As long as you can start, you are all right. The juice will come.
—Ernest Hemingway (1899–1961) American Author, Journalist, Short Story Writer
That is the principal thing: not to remain with the dream, with the intention, with the being in the mood, but always forcibly to convert it into all things.
—Rainer Maria Rilke (1875–1926) Austrian Poet
Words are mere bubbles of water, but deeds are drops of gold.
—Chinese Proverb
Make up your mind to act decidedly and take the consequences. No good is ever done in this world by hesitation.
—Thomas Henry Huxley (1825–95) English Biologist
If a man wants his dreams to come true, he must wake up.
—Unknown
The way to get ahead is to start now.
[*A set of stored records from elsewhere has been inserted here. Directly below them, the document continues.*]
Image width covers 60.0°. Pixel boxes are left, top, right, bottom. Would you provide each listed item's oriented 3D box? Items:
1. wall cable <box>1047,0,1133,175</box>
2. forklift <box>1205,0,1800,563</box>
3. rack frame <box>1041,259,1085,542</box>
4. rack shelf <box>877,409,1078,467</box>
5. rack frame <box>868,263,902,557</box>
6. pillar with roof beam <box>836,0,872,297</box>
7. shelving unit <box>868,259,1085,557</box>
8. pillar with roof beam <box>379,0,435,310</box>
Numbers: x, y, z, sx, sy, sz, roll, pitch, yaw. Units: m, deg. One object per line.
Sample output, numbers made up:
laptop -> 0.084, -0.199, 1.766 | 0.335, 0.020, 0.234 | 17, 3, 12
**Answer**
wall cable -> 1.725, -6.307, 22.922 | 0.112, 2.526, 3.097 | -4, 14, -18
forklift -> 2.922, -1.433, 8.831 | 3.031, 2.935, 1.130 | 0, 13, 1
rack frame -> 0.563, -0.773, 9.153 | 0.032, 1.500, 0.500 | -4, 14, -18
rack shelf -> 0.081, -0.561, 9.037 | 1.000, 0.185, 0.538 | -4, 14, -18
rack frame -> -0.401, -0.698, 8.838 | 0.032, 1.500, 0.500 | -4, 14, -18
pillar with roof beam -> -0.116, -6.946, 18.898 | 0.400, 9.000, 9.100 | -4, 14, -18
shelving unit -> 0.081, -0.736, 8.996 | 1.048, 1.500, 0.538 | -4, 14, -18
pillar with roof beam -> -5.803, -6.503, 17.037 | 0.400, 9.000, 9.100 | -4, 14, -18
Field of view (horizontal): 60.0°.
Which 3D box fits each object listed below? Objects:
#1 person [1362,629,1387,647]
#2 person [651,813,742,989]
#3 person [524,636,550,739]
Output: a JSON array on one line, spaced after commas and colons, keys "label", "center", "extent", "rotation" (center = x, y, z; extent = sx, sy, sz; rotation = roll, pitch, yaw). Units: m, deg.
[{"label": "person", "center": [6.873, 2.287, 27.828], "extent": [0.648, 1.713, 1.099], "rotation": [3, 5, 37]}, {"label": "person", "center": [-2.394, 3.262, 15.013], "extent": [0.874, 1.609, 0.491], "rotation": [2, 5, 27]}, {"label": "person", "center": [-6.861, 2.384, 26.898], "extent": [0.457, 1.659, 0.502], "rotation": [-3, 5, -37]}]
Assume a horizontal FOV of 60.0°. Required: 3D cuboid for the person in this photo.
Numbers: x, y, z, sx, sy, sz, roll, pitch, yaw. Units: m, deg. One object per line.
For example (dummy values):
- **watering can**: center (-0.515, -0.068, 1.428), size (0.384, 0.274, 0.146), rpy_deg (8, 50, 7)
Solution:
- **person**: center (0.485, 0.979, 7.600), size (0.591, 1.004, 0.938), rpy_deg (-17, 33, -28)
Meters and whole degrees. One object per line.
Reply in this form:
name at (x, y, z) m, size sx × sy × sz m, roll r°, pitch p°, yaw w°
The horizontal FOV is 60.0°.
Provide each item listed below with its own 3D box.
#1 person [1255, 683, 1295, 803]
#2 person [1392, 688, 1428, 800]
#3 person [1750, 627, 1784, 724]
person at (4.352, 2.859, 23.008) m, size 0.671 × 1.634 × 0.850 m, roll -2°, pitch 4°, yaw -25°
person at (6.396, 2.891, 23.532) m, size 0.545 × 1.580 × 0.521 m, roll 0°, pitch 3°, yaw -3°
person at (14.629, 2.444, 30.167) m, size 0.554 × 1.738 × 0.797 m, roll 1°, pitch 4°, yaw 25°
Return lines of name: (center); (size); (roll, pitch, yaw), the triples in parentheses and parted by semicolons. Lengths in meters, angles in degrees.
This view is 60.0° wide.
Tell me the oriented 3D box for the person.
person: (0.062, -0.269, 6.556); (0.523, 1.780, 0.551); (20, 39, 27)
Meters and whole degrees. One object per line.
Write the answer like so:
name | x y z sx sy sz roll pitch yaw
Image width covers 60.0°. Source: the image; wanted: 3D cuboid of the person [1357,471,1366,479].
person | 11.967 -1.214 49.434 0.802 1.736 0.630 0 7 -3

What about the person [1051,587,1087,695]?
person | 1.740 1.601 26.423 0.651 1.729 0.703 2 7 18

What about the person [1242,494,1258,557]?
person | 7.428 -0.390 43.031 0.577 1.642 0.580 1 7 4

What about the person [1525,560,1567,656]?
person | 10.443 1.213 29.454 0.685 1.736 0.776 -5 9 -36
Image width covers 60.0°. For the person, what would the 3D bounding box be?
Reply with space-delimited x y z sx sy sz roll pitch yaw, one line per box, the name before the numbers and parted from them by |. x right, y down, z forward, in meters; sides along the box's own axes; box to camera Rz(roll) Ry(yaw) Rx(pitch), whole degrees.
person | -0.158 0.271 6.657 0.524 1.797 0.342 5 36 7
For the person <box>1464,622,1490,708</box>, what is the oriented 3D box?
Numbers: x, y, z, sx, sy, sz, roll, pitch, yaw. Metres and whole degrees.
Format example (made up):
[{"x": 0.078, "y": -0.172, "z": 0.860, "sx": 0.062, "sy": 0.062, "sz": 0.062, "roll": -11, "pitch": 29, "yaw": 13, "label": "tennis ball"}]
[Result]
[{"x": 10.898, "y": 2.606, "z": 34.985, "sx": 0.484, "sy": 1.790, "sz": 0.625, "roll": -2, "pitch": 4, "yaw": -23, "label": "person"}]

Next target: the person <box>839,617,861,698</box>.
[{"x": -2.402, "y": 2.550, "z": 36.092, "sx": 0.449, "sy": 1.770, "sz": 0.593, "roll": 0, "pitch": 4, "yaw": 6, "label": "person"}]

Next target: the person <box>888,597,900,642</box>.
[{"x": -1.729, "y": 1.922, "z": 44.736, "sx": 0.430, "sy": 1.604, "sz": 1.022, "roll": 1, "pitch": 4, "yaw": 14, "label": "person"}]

If you start now, you will know a lot next year that you don’t know now and that you would not have known next year if you had waited.
—William Feather (1889–1981) American Publisher, Author
With mere good intentions hell is Proverbially paved.
—William James (1842–1910) American Philosopher, Psychologist, Physician
He who is outside the door has already a good part of his journey behind him.
—Dutch Proverb
Indifference and inaction must always pay a penalty.
—William Feather (1889–1981) American Publisher, Author
One’s feelings waste themselves in words; they ought all to be distilled into action … which bring results.
—Florence Nightingale (1820–1910) English Nurse
Men are alike in their promises. It is only in their deeds that they differ.
—Moliere (1622–73) French Playwright
Unless a capacity for thinking be accompanied by a capacity for action, a superior mind exists in torture.
—Benedetto Croce (1866–1952) Italian Philosopher, Literary Critic
Shun idleness. It is a rust that attaches itself to the most brilliant metals.
—Voltaire (1694–1778) French Philosopher, Author
The hour is ripe, and yonder lies the way.
—Virgil (70–19 BCE) Roman Poet
Inspirations never go in for long engagements; they demand immediate marriage to action.
—Brendan Behan (1923–64) Irish Poet, Novelist, Playwright
Delay not to seize the hour.
—Aeschylus (525–456 BCE) Greek Playwright
To avoid an occasion for our virtues is a worse degree of failure than to push forward pluckily and make a fall.
—Robert Louis Stevenson (1850–94) Scottish Novelist
Life is essentially a series of events to be lived through rather than intellectual riddles to be played with and solved.
—George Arthur Buttrick (1892–1980) American Protestant Theologian
In the arena of human life the honors and rewards fall to those who show their good qualities in action.
—Aristotle (384BCE–322BCE) Ancient Greek Philosopher, Scholar
In putting off what one has to do, one runs the risk of never being able to do it.
—Charles Baudelaire (1821–67) French Poet, Art Critic, Essayist, Translator
I myself must mix with action lest I wither by despair.
—Alfred, Lord Tennyson (1809–92) British Poet
To know just what has do be done, then to do it, comprises the whole philosophy of practical life.
—William Osler (1849–1919) Canadian Physician
To do anything truly worth doing, I must not stand back shivering and thinking of the cold and danger, but jump in with gusto and scramble through as well as I can.
—Og Mandino (1923–96) American Self-Help Author
To be always intending to live a new life, but never to find time to set about it; this is as if a man should put off eating and drinking and sleeping from one day and night to another, till he is starved and destroyed.
—John Tillotson
If you can talk brilliantly about a problem, it can create the consoling illusion that it has been mastered.
—Stanley Kubrick (1928–99) American Film Director, Producer
Eighty percent of success is showing up.
—Woody Allen (b.1935) American Film Actor, Director
Boast not of what thou would’st have done, but do.
—John Milton (1608–74) English Poet, Civil Servant, Scholar, Debater
This is a world of action, and not for moping and droning in.
—Charles Dickens (1812–70) English Novelist
One of the reasons why so few of us ever act, instead of react, is because we are continually stifling our deepest impulses.
—Henry Miller (1891–1980) American Novelist
He that is overcautious will accomplish but very little.